Business Journals Inc. shifted the dates for its Fall/Winter womenwear and accessories shows in New York from May to April in a move that allowed retailers to be in their stores in the days leading up to Mother’s Day, a holiday “second only to Christmas,” according to Britton Jones, BJI president and chief executive officer. The shows—ModaAccessories the Show and Fame—co-located at the Javits Center with ENK’s Intermezzo and Accessories Circuit.

This year also saw a new name for swimwear show Salon Allure. Now celebrating its fifth year in Miami Beach, the trade show rebranded itself as Hammock in July. But that wasn’t the only change for Miami Swim Week. This year, IMG, producers of Mercedes-Benz Fashion Week Miami, took a break from hosting runway shows during the July swim trade shows, which included the Miami SwimShow, Hammock and Cabana. Other event organizers—including Funkshion, Hammock and LDJ Productions—stepped up to fill the void with runway shows of their own.

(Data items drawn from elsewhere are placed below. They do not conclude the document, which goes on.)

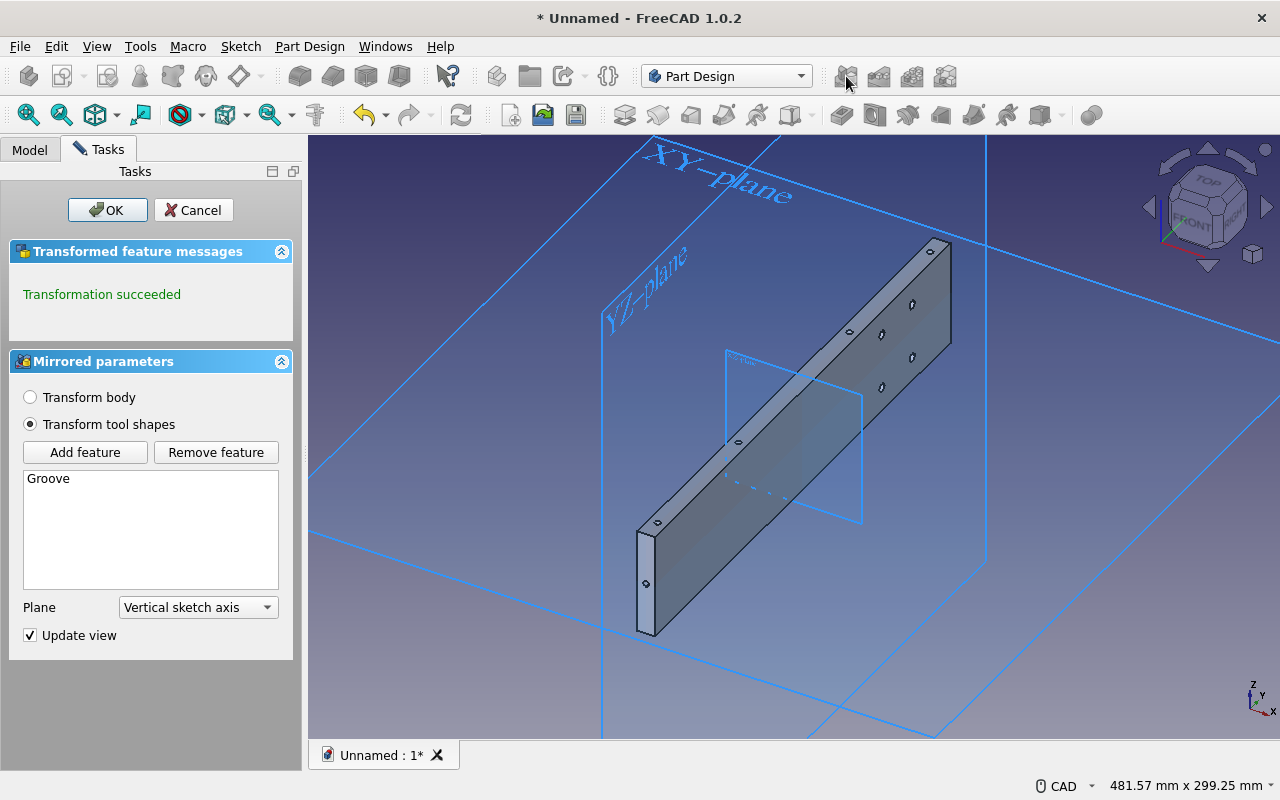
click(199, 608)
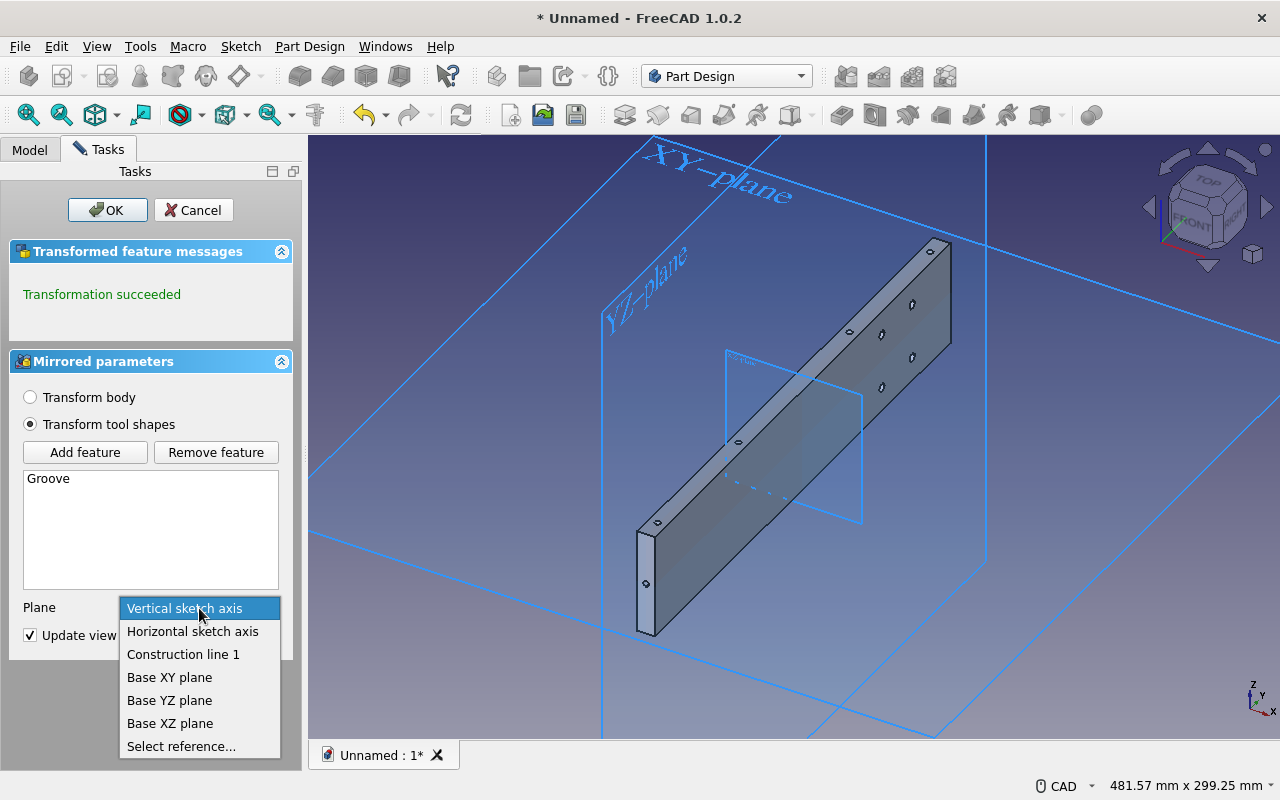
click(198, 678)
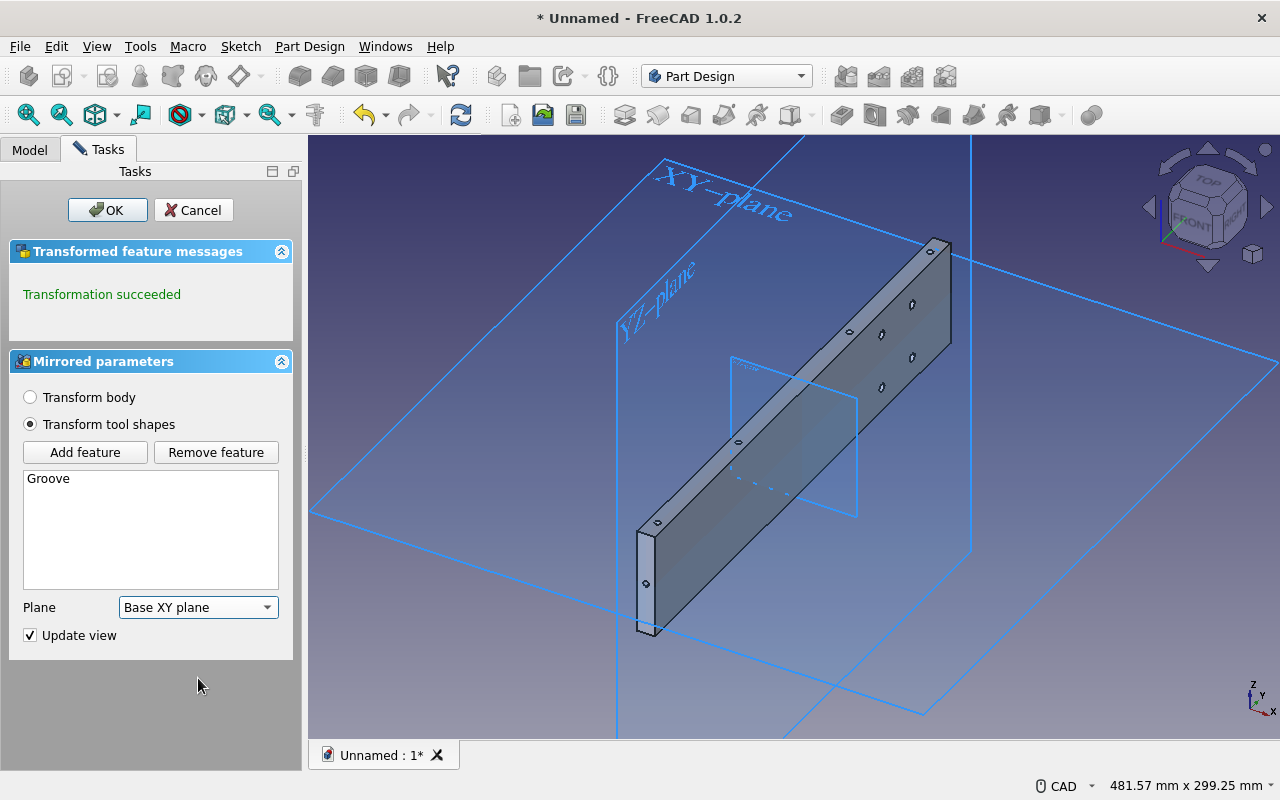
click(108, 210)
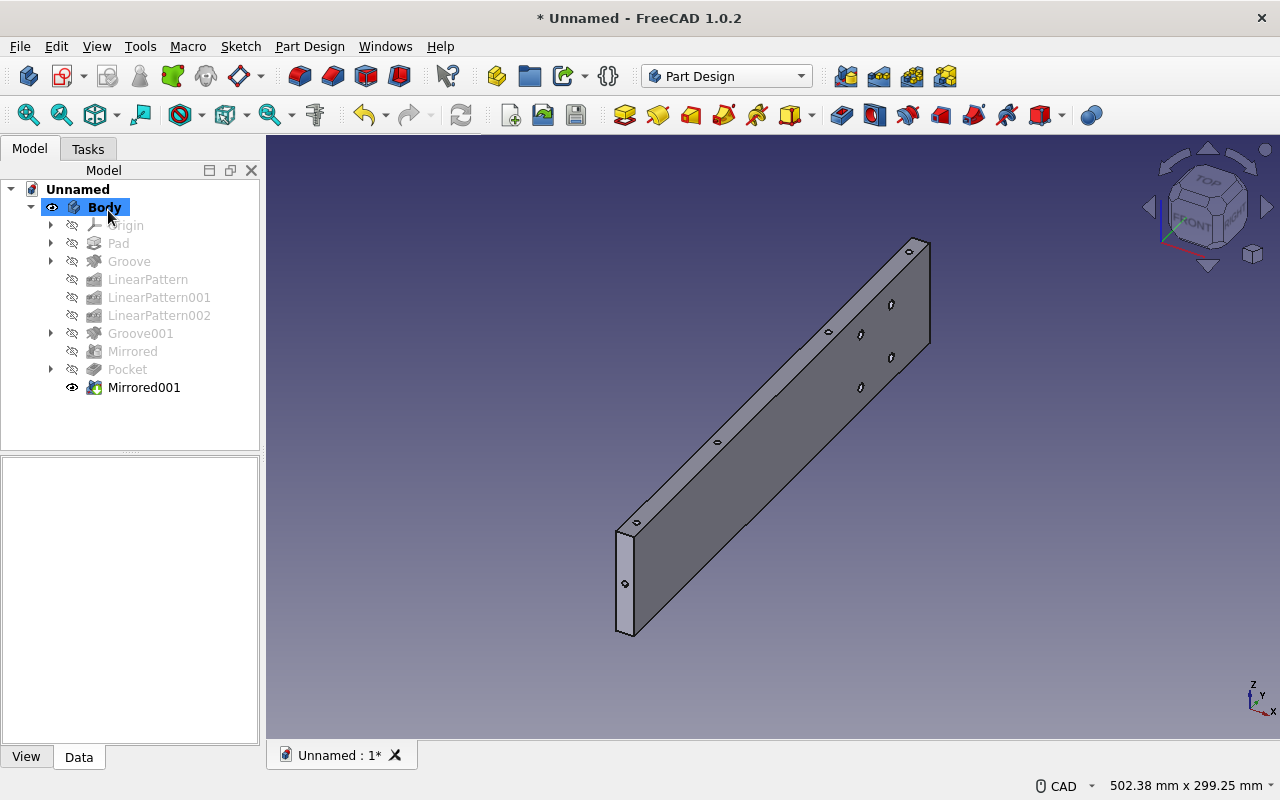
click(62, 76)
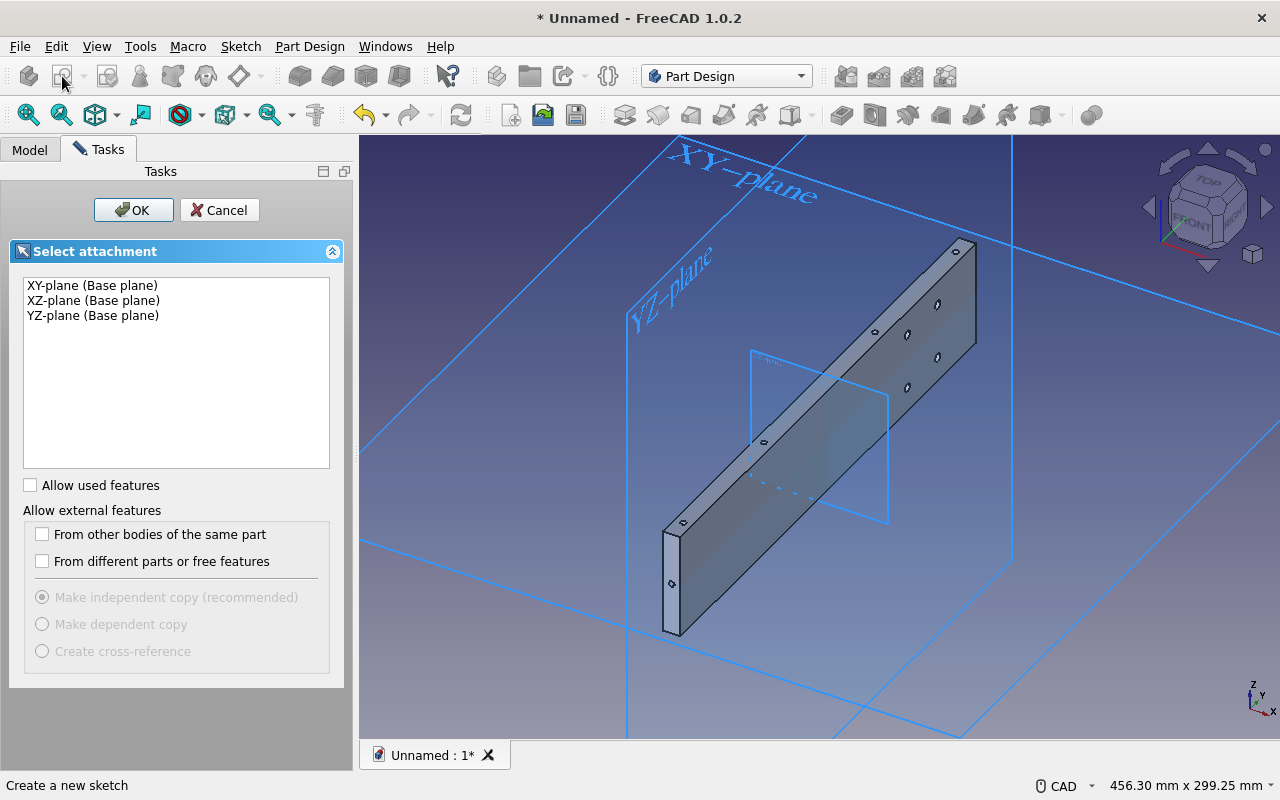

New York’s fashion week landscape also saw a shift with the launch of New York Fashion Week: Mens in July. After years of hosting menswear shows as an adjunct to the women’s runway shows of New York Fashion Week, the Council of Fashion Designers of America decided to launch the first standalone for menswear.

In Los Angeles, the fashion-week scene saw a few organizers drop out in October, including LA Fashion Council and Concept Fashion Week, while new players, including LA Fashion Week and Fashion Week Los Angeles, joined a lineup that included Style Fashion Week and Art Hearts Fashion.